#### Recorded information:
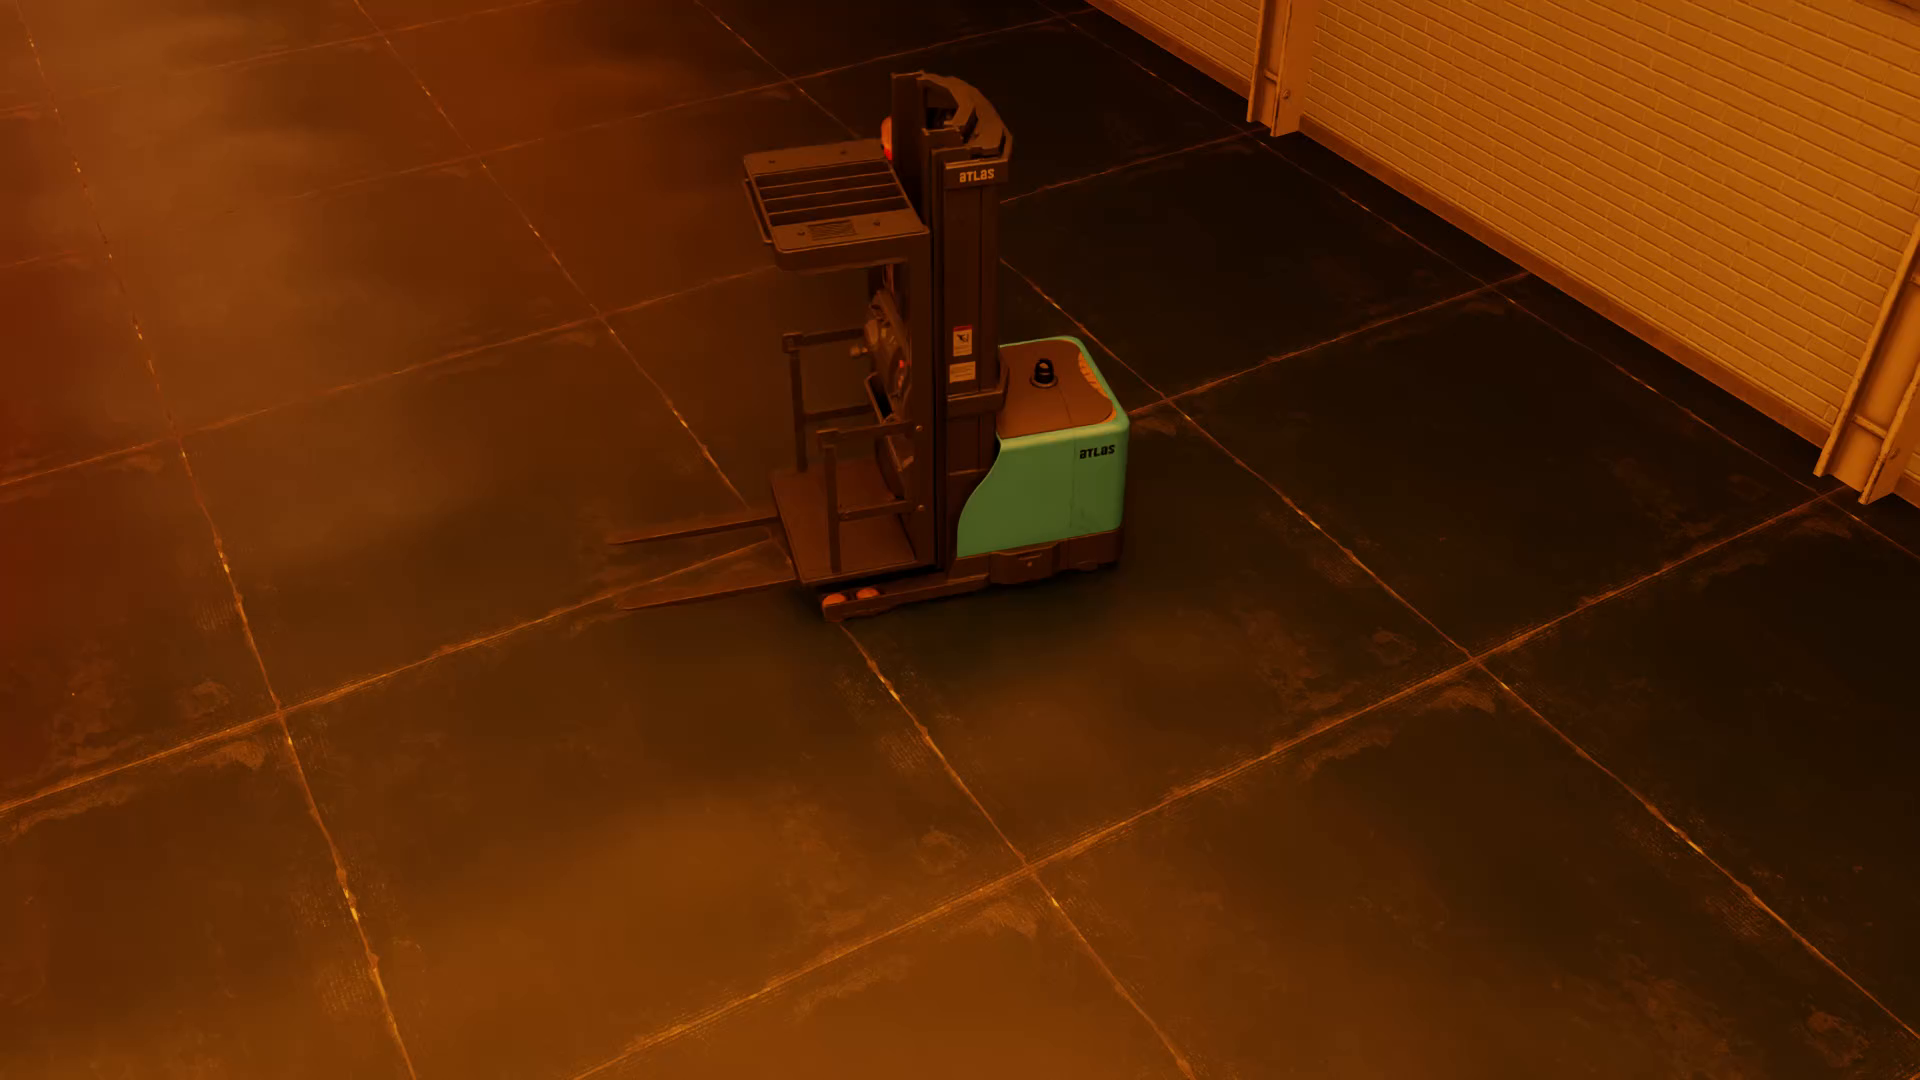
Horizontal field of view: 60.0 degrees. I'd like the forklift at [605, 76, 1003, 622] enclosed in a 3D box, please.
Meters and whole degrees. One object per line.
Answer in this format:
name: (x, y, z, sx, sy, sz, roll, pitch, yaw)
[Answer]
* * *
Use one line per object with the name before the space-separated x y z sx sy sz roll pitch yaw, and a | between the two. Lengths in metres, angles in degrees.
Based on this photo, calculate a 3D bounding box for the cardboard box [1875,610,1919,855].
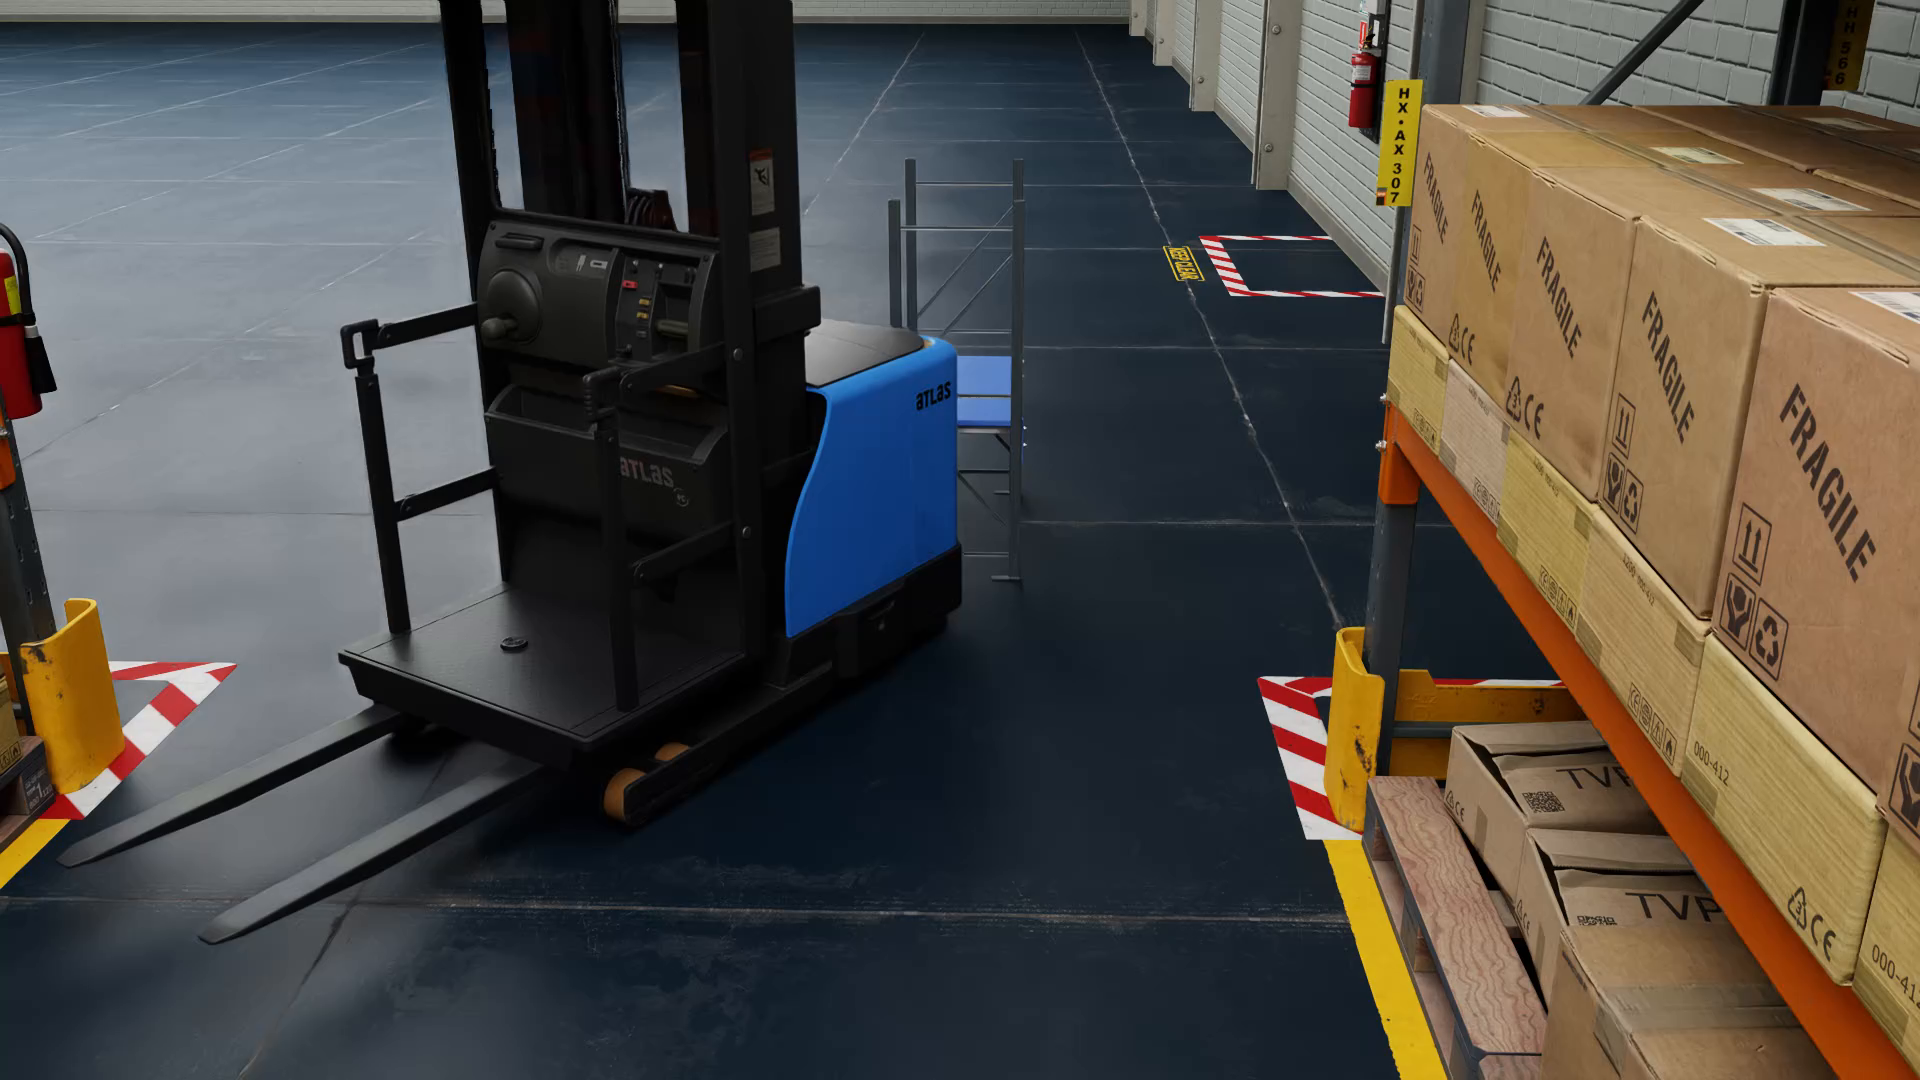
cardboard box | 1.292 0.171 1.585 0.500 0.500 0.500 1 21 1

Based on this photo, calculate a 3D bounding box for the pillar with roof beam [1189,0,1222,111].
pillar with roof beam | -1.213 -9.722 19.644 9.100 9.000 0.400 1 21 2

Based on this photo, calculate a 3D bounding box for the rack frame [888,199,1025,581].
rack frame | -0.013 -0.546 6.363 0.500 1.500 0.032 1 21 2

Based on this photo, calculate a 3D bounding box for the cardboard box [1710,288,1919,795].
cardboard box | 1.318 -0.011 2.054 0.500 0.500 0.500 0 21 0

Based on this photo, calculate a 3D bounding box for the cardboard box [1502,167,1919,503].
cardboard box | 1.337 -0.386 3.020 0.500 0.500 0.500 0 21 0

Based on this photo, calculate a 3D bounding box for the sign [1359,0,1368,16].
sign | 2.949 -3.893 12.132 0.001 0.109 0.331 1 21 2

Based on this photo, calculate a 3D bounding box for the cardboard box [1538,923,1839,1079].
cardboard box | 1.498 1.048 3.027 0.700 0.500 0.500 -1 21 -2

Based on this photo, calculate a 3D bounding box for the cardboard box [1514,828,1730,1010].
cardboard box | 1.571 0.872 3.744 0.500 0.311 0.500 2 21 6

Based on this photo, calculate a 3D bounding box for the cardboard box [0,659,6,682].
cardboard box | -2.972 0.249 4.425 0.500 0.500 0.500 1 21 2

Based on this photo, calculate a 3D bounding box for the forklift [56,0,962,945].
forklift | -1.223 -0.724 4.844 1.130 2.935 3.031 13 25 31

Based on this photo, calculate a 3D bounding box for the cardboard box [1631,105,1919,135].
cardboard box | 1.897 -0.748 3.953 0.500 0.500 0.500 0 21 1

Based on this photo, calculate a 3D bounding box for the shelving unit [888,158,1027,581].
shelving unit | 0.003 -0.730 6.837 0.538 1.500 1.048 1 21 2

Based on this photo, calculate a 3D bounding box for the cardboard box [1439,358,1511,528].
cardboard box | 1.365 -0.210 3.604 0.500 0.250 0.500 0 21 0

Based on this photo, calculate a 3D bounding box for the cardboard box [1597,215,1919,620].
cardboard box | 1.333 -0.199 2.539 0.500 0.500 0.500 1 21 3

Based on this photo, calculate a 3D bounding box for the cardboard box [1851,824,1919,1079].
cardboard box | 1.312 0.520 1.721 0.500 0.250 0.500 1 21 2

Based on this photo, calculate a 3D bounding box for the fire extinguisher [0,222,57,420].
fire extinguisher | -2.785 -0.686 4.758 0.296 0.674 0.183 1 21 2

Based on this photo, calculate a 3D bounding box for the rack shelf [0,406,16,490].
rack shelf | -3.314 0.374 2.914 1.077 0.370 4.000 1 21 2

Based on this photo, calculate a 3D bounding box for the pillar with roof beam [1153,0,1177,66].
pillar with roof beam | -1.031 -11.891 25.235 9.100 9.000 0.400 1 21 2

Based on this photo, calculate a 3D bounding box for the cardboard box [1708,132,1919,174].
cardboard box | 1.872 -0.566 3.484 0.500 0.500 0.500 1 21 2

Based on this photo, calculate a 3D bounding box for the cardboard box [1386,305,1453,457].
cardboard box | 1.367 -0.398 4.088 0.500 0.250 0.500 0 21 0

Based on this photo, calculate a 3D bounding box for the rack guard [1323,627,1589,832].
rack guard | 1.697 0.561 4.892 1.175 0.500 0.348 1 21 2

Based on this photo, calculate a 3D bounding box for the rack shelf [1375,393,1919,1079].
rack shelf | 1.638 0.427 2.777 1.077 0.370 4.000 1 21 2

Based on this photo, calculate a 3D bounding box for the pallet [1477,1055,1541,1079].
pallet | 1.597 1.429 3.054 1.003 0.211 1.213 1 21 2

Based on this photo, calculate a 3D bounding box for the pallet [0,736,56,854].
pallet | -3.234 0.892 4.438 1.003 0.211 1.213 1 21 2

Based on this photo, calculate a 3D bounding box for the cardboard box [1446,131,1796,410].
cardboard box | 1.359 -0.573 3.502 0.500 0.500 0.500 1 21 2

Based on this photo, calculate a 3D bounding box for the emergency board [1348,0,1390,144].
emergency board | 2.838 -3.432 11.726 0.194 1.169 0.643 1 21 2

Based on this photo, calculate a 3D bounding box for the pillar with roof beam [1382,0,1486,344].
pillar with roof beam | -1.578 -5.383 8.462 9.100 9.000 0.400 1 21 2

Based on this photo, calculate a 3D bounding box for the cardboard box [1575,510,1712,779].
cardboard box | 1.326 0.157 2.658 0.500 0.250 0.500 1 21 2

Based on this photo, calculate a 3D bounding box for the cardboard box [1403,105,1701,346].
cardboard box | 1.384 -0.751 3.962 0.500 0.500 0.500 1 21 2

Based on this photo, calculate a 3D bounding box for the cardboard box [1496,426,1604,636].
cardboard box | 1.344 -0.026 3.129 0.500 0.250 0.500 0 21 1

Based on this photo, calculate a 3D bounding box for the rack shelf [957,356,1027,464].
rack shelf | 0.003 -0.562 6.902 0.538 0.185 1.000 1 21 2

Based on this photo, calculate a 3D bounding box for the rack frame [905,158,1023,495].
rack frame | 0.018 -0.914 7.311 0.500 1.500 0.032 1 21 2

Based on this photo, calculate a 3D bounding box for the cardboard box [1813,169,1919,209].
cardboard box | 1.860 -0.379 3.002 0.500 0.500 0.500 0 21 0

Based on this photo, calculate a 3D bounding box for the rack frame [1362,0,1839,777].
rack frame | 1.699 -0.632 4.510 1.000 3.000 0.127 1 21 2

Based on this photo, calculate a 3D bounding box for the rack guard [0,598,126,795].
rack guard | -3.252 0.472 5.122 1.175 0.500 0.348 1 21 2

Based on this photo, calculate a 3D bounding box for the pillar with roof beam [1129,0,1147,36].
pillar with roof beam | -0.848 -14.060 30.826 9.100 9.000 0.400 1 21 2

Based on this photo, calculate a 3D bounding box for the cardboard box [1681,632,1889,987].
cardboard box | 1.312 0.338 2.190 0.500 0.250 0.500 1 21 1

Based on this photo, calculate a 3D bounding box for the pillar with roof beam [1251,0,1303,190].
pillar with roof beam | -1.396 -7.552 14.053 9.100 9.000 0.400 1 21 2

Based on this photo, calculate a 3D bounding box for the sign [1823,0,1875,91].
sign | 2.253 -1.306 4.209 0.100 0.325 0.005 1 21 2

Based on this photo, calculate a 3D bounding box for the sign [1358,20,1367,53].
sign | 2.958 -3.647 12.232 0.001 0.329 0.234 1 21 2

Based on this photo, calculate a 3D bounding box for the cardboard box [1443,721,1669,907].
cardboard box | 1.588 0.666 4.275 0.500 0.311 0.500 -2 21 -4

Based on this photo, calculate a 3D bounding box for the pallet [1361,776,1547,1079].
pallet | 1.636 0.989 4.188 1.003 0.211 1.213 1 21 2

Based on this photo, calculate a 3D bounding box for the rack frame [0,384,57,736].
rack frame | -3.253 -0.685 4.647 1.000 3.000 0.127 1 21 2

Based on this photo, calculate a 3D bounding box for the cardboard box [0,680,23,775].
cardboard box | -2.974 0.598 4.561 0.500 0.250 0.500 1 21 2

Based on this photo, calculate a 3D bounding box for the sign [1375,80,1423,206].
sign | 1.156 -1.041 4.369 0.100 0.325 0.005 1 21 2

#### Exercise prompt:
When a line holds the string "name", pull it out of the listing.

#### Answer box:
name: (x, y, z, sx, sy, sz, roll, pitch, yaw)
Use one line per object with the name before the space-separated x y z sx sy sz roll pitch yaw, and a | between the two. Lengths in metres, angles in degrees.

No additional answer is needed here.